Last year, remittances to China stood at $66 billion, the Philippines and Mexico $24 billion each and Nigeria $21 billion. This year, the remittances to India would be higher than what the country is expected to earn through information technology exports. India received $35.6 billion of remittances in the first half of this year, slightly higher than the total receipts from exports of telecommunications, computer and information services during the period, the report showed. “In India, remittances are higher than the earnings from IT exports. With the weakening of the rupee, a surge in remittances is expected, as NRIs take advantage of cheaper goods, services and assets back home,” said the report.
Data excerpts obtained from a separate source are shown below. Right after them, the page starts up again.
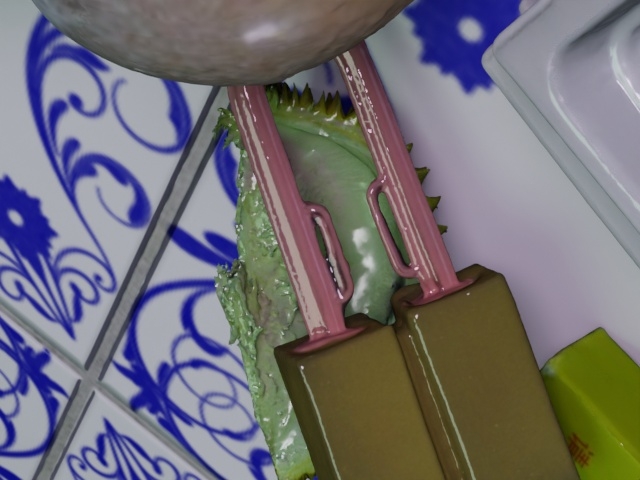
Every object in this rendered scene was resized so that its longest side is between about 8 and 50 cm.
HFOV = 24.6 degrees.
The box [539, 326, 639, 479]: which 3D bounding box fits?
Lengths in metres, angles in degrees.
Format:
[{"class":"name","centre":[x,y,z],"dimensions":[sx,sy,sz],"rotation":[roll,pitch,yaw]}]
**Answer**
[{"class":"box","centre":[0.193,0.216,0.652],"dimensions":[0.335,0.047,0.187],"rotation":[48,143,22]}]

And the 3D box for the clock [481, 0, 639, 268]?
[{"class":"clock","centre":[0.192,-0.037,0.431],"dimensions":[0.231,0.116,0.262],"rotation":[55,141,2]}]

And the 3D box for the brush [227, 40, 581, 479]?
[{"class":"brush","centre":[0.023,0.015,0.611],"dimensions":[0.047,0.103,0.233],"rotation":[-157,47,-77]}]

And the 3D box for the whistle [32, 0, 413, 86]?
[{"class":"whistle","centre":[-0.046,-0.173,0.439],"dimensions":[0.189,0.189,0.348],"rotation":[15,159,29]}]

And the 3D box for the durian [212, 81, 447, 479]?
[{"class":"durian","centre":[0.000,0.000,0.651],"dimensions":[0.086,0.100,0.215],"rotation":[1,100,40]}]
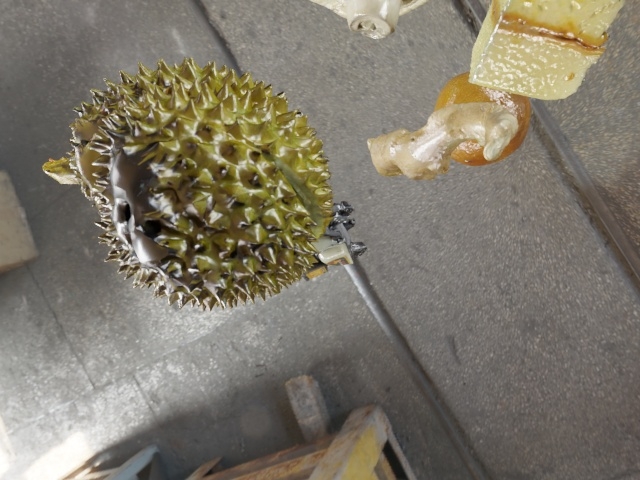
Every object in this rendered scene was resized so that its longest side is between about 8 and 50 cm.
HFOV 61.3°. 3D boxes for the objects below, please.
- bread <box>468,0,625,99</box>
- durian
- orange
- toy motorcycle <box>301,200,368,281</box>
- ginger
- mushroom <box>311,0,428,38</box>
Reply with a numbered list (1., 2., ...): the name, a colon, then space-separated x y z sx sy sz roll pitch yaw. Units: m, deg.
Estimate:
1. bread: 0.366 -0.354 0.871 0.178 0.135 0.240 16 139 2
2. durian: -0.110 -0.041 0.407 0.238 0.137 0.193 2 105 4
3. orange: 0.417 -0.325 1.415 0.265 0.264 0.263 3 100 20
4. toy motorcycle: 0.000 0.000 1.000 0.157 0.263 0.090 -24 71 3
5. ginger: 0.138 -0.112 0.660 0.075 0.288 0.089 -39 107 -20
6. mushroom: 0.075 -0.406 0.775 0.260 0.254 0.234 -18 65 43
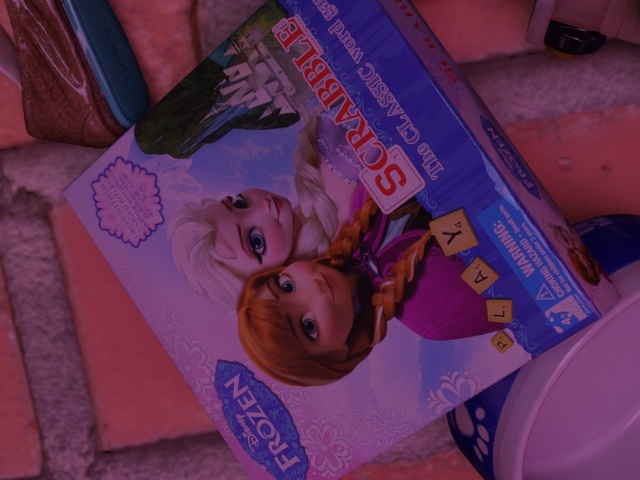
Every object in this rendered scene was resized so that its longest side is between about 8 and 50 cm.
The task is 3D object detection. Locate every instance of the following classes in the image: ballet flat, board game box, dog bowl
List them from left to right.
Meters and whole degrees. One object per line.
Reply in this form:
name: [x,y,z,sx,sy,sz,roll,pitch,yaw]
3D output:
ballet flat: [-0.236,-0.231,0.901,0.124,0.116,0.342,-9,109,18]
board game box: [0.000,0.000,0.876,0.318,0.066,0.319,-38,83,28]
dog bowl: [0.238,0.115,0.953,0.264,0.104,0.265,-14,123,-24]

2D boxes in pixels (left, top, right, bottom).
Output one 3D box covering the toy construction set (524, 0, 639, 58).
toy construction set: [0.270,-0.255,0.881,0.237,0.257,0.309,15,72,13]
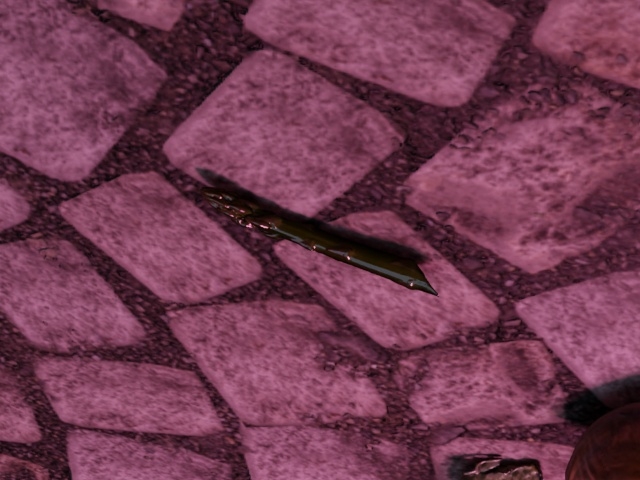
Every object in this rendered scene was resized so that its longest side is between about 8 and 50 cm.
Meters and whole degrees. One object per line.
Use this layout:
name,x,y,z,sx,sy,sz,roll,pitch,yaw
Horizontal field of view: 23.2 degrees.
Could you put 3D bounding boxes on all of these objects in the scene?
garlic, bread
garlic,0.301,0.226,1.508,0.198,0.128,0.090,-18,148,32
bread,0.201,0.313,1.688,0.103,0.156,0.110,8,175,20

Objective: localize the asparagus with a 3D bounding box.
asparagus,0.000,0.001,1.405,0.236,0.027,0.034,21,163,-7
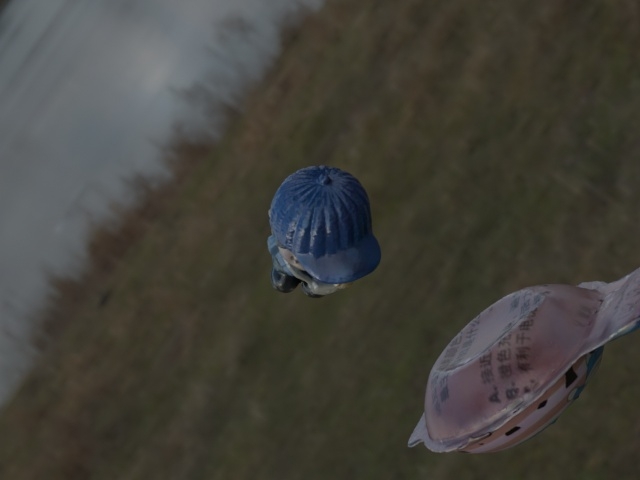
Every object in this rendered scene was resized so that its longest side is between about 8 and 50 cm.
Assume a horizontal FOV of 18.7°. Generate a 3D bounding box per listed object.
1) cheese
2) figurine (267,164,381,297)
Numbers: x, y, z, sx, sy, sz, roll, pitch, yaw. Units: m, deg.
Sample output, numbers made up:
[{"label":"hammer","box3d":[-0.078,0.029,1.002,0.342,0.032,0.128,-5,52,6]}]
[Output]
[{"label":"cheese","box3d":[0.171,0.075,1.416,0.286,0.074,0.189,-34,14,34]},{"label":"figurine","box3d":[0.000,0.000,1.448,0.149,0.086,0.087,114,168,-73]}]
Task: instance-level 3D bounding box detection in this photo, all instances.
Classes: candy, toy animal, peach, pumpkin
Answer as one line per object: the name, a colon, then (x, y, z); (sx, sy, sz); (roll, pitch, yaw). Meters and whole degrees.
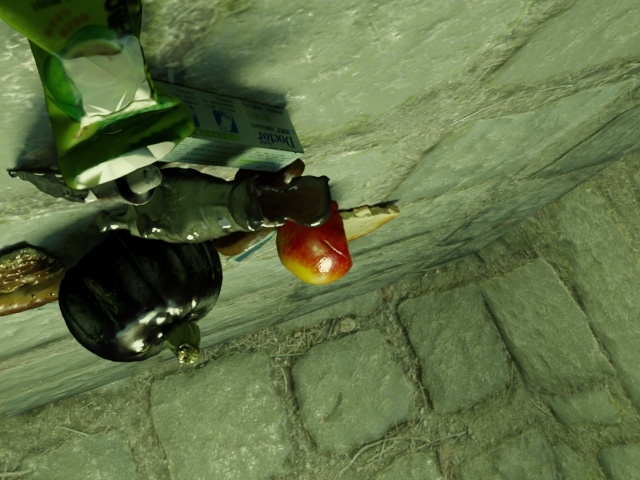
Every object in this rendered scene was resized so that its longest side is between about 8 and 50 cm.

World Bank Chief Economist and Senior Vice-President Kaushik Basu said: “To put this in perspective, this is three times the FDI (foreign direct investment) it (India) received in 2012.” That year, India had drawn $22.78 billion of FDI. “Remittances act as a major counter-balance when capital flows weaken, as was the case in the wake of the US Fed announcing its intention to rein in its liquidity injection programme. Also, when a nation’s currency weakens, inward remittances rise and, as such, act as an automatic stabiliser,” Basu said.
However, the estimated rise in remittances to India is extremely low compared to the rupee’s depreciation, as is evident from remittances as percentage of gross domestic product. In 2012, India’s nominal GDP stood at Rs 97,15,588 crore. At that time, the average value of the rupee stood at 53.38/dollar. As such, India’s GDP was $1820 billion. At $70 billion, remittances accounted for 3.85 per cent of GDP last year.
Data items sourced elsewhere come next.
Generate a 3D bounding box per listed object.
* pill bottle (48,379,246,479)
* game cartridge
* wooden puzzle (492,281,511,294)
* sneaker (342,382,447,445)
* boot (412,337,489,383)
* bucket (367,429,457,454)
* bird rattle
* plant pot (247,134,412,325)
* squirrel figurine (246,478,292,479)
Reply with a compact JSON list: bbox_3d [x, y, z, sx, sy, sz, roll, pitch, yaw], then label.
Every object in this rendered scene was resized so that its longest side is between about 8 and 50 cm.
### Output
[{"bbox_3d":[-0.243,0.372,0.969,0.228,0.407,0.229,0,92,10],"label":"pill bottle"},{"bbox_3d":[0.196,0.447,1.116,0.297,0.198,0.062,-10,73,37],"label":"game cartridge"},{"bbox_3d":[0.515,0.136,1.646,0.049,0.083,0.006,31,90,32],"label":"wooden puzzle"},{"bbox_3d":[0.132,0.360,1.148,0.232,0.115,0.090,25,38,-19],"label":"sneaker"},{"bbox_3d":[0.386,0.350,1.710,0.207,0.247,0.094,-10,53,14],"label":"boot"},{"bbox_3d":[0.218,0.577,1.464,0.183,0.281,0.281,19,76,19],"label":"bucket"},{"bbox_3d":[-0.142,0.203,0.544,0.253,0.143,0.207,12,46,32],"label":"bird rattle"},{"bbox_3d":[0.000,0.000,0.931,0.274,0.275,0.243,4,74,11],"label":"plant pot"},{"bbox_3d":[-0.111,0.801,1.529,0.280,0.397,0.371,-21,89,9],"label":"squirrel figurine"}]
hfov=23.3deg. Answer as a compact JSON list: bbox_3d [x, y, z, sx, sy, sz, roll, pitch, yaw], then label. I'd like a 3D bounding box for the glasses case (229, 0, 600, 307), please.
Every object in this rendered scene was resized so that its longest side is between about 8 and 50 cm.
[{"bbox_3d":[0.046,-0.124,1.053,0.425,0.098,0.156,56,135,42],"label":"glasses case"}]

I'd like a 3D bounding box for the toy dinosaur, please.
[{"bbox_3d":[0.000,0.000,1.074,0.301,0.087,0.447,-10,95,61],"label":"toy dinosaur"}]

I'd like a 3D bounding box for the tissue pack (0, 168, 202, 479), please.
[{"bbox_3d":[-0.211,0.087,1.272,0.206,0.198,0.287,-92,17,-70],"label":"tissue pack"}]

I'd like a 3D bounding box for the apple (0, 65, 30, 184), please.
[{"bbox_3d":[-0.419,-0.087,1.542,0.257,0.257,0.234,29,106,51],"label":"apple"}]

Assuming India’s nominal GDP grows 13.4 per cent this year (as stated in Budget 2013-14), over 2012-13, GDP would stand at Rs 1,10,17,477 crore. Considering the rupee’s average value of 57.36/dollar till September is applicable for the rest of the year, GDP would stand at $1,921 billion. Remittances of $71 billion would mean 3.69 per cent of GDP. As such, there would be a marginal fall in remittances, in terms of proportion of GDP.
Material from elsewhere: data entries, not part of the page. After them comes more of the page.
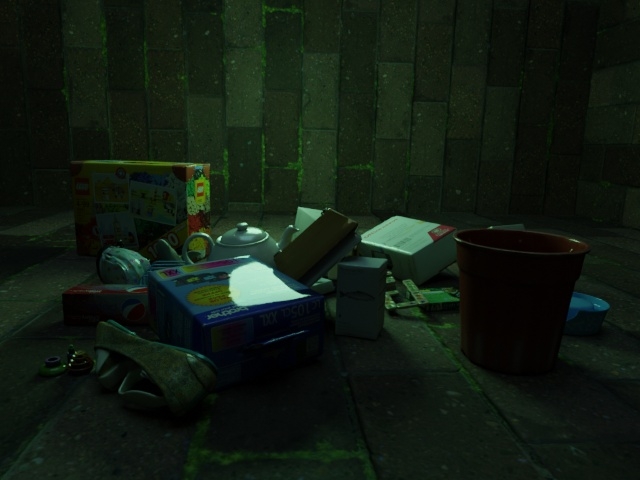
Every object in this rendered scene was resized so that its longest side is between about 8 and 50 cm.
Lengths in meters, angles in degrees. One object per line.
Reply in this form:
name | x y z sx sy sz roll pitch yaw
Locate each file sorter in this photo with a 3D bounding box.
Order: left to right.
file sorter | -0.433 0.126 1.361 0.118 0.104 0.170 0 11 -8

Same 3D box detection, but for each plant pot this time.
plant pot | 0.415 0.126 1.051 0.272 0.265 0.272 2 12 0

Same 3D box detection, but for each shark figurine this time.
shark figurine | -0.403 0.109 1.561 0.278 0.166 0.116 16 31 -22

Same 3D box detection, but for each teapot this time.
teapot | -0.229 0.041 1.429 0.252 0.187 0.256 10 23 39

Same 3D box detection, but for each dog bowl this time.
dog bowl | 0.587 0.185 1.270 0.297 0.074 0.166 3 11 9

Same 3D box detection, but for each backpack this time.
backpack | -0.588 0.095 1.459 0.182 0.152 0.115 13 31 31

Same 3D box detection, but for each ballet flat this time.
ballet flat | -0.333 0.228 0.874 0.349 0.123 0.123 7 12 37

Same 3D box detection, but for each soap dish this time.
soap dish | -0.008 0.029 1.270 0.229 0.118 0.291 -43 -4 -2

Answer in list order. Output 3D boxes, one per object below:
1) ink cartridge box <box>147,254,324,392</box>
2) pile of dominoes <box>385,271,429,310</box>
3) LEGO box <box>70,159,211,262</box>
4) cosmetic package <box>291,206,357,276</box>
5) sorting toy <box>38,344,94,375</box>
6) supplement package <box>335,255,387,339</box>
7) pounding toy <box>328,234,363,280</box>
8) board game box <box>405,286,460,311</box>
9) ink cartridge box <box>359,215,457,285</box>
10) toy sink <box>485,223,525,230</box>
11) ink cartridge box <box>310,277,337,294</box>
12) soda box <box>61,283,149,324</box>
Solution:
ink cartridge box | -0.174 0.165 1.031 0.270 0.151 0.395 -10 21 -34
pile of dominoes | 0.193 0.146 1.424 0.196 0.040 0.251 -8 11 -1
LEGO box | -0.695 -0.121 1.904 0.500 0.372 0.193 4 12 15
cosmetic package | 0.000 0.000 1.798 0.155 0.197 0.365 9 10 -16
sorting toy | -0.498 0.235 0.954 0.102 0.042 0.061 0 11 -8
supplement package | 0.100 0.135 1.182 0.105 0.179 0.105 4 11 18
pounding toy | 0.093 0.064 1.539 0.100 0.141 0.130 2 -12 24
board game box | 0.400 0.170 1.444 0.260 0.030 0.136 -2 13 -15
ink cartridge box | 0.313 0.027 1.748 0.226 0.131 0.306 -28 23 -25
toy sink | 0.608 0.078 1.604 0.153 0.234 0.131 -6 -16 -28
ink cartridge box | -0.075 0.131 1.531 0.223 0.045 0.224 12 15 43
soda box | -0.499 0.161 1.225 0.263 0.083 0.092 0 10 -2

This, however, is miniscule compared to other countries. In 2012, as percentage of GDP, the top recipients of remittances were Tajikistan (48 per cent), Kyrgyz Republic (31 per cent), Lesotho and Nepal (25 per cent each) and Moldova (24 per cent).
Globally, the developing world is expected to receive $414 billion in remittances this year, a rise of 6.3 per cent compared to last year. The remittances are estimated to rise to $540 billion by 2016.
According to World Bank estimates, together, India and China would account for about a third of total remittances to the developing world this year. Globally, 232 million international migrants were expected to remit earnings worth $550 billion this year and about $700 billion by 2016, the report said.
Growth in remittances has been robust in all regions except Latin America and the Caribbean, where growth fell, owing to the slowdown in the US.